WHAT YOU ARE ASKED TO DO: Repeat exactly, and only, the lines below starting at the line that contains "The camera that" and ending at the line that contains "Kindly fit an", inclusive of both.

SUPPLIED ENTRIES:

BEGIN

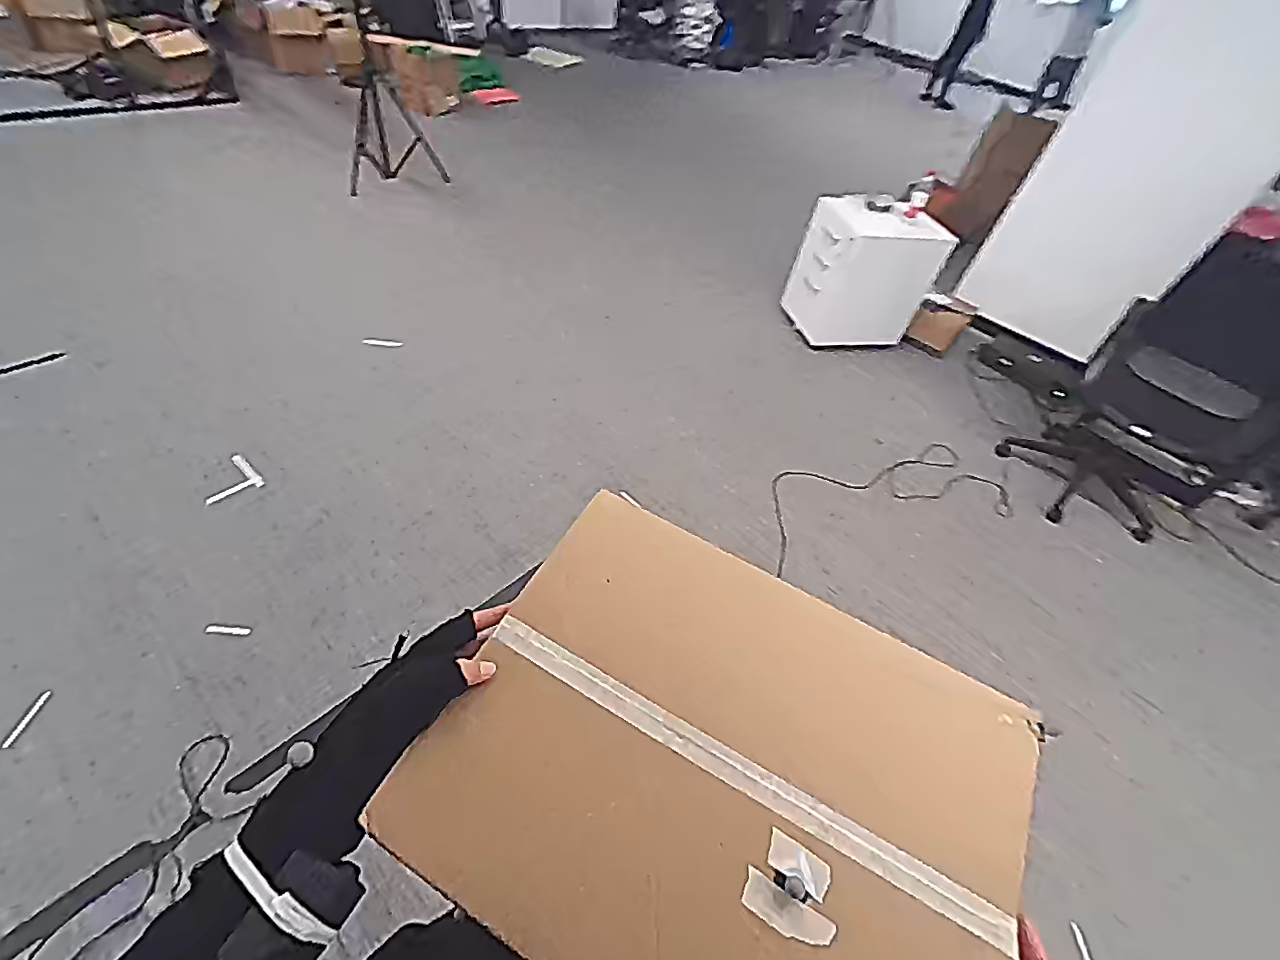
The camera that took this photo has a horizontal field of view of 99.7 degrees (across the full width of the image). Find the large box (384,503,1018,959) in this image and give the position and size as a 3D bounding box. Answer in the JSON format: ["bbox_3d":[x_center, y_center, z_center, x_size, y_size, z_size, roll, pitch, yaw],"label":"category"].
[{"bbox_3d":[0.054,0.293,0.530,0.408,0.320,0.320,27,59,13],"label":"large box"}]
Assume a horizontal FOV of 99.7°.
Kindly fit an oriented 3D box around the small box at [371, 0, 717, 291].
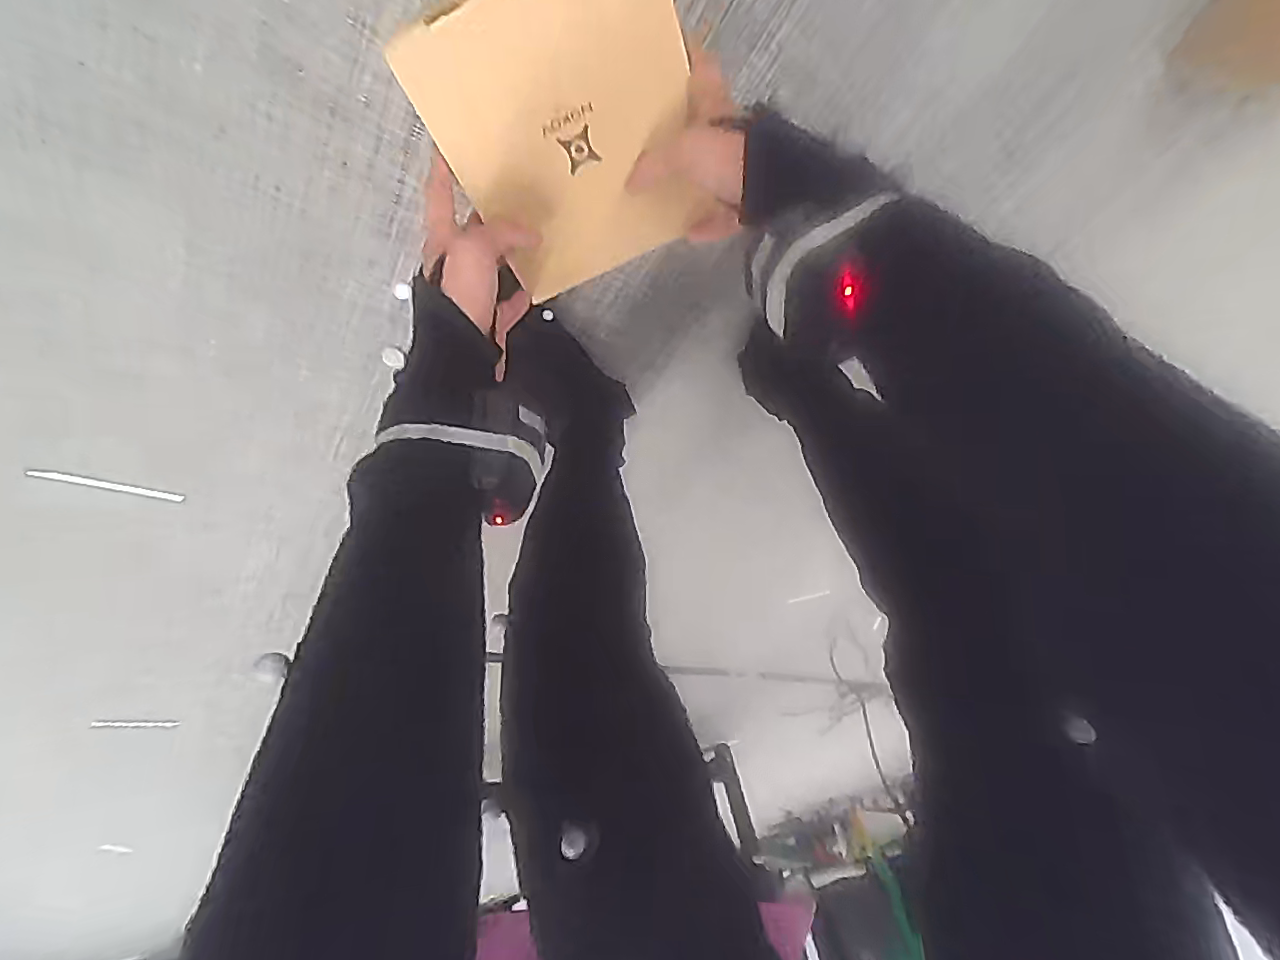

END
BEGIN

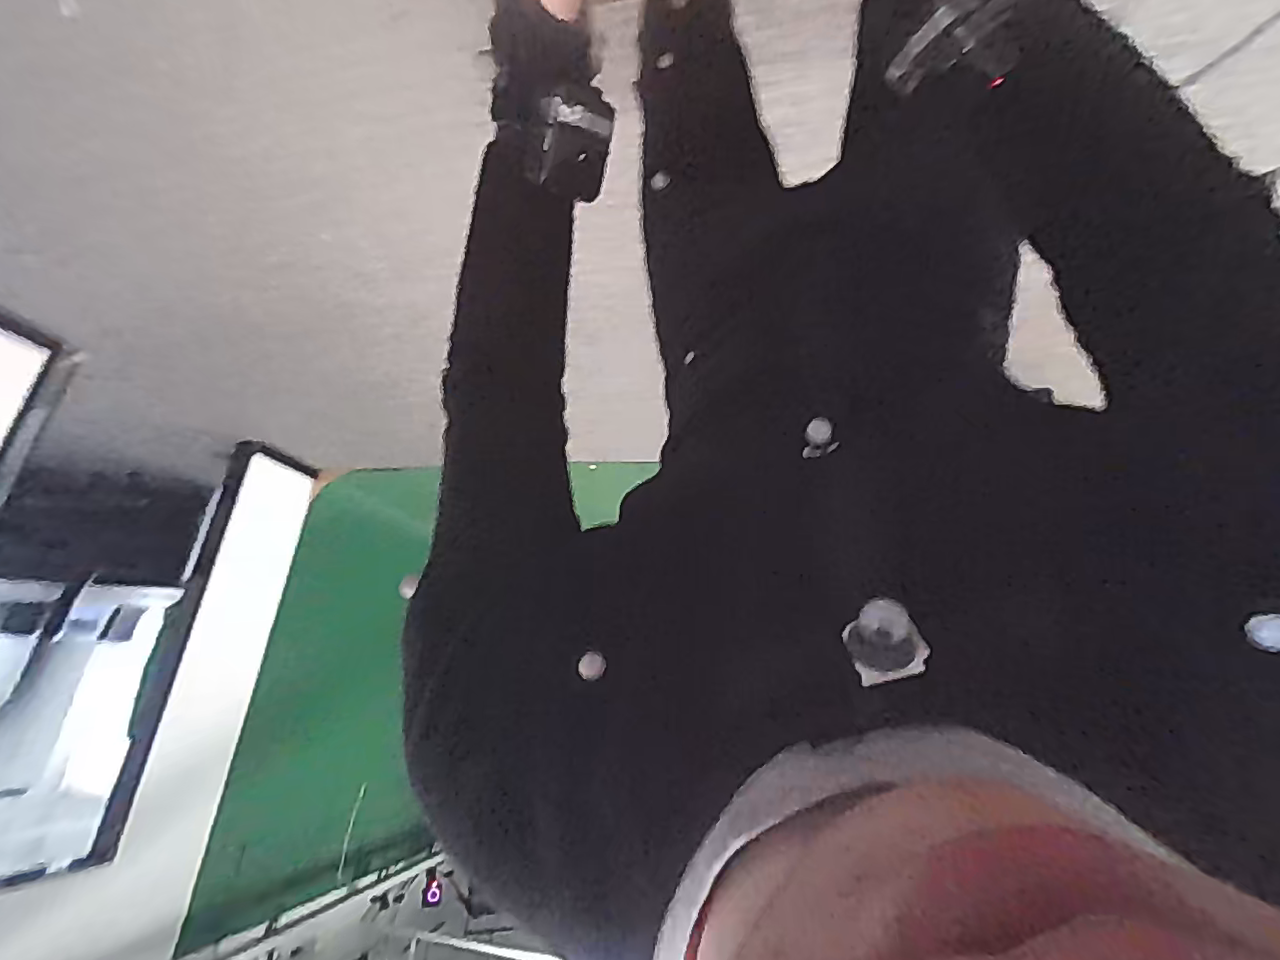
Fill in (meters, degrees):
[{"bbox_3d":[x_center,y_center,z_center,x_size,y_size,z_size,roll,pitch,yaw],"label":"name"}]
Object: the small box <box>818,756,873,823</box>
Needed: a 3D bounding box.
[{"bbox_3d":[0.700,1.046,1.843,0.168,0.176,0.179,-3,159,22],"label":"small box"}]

END
BEGIN

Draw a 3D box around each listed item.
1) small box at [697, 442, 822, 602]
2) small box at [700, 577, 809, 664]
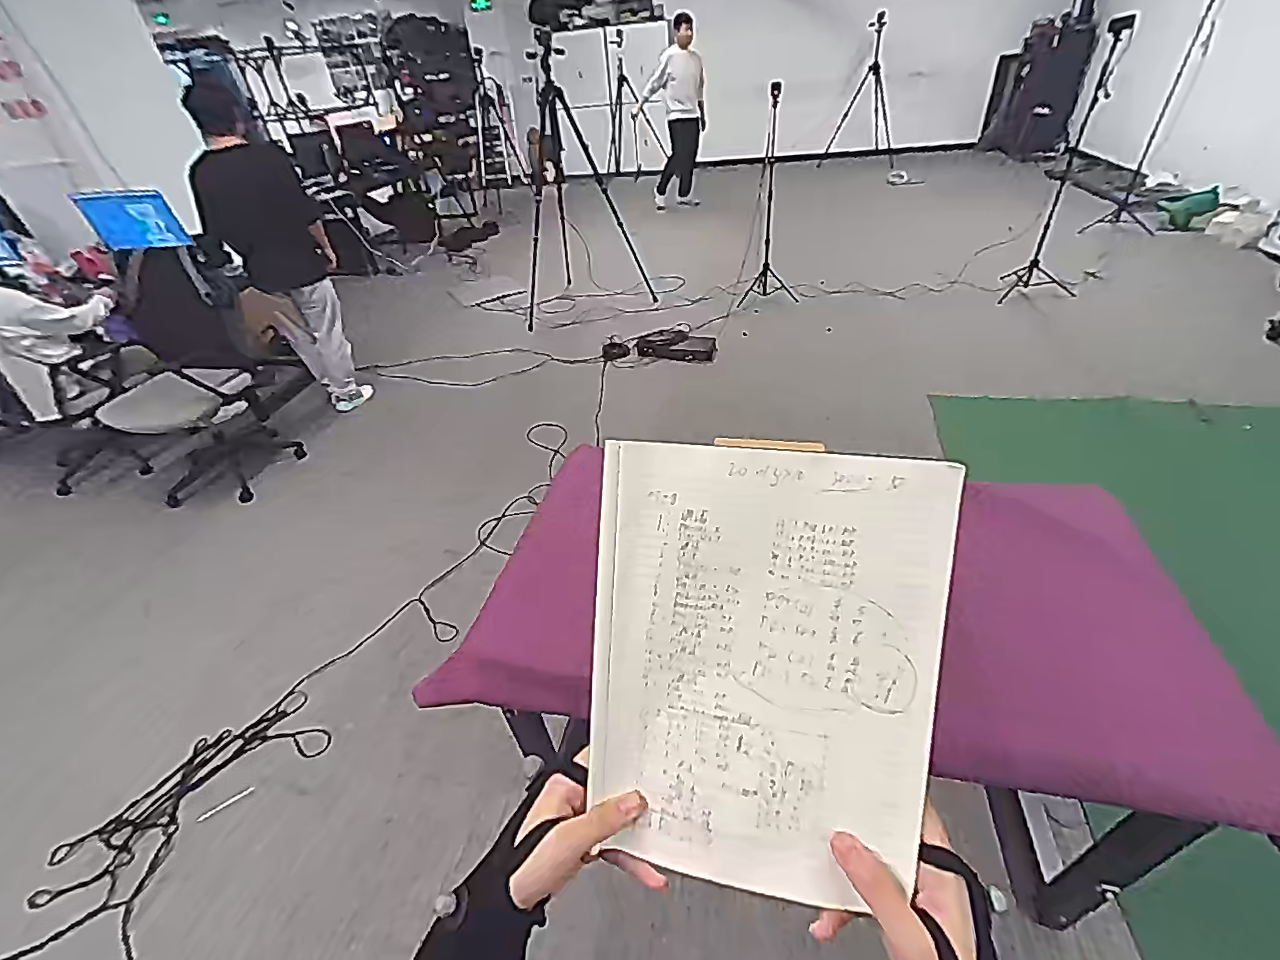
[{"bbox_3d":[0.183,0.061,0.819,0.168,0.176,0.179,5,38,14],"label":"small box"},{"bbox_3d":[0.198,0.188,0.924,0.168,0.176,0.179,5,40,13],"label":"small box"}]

END

REPLY:
The camera that took this photo has a horizontal field of view of 99.7 degrees (across the full width of the image). Find the large box (384,503,1018,959) in this image and give the position and size as a 3D bounding box. Answer in the JSON format: ["bbox_3d":[x_center, y_center, z_center, x_size, y_size, z_size, roll, pitch, yaw],"label":"category"].
[{"bbox_3d":[0.054,0.293,0.530,0.408,0.320,0.320,27,59,13],"label":"large box"}]
Assume a horizontal FOV of 99.7°.
Kindly fit an oriented 3D box around the small box at [371, 0, 717, 291].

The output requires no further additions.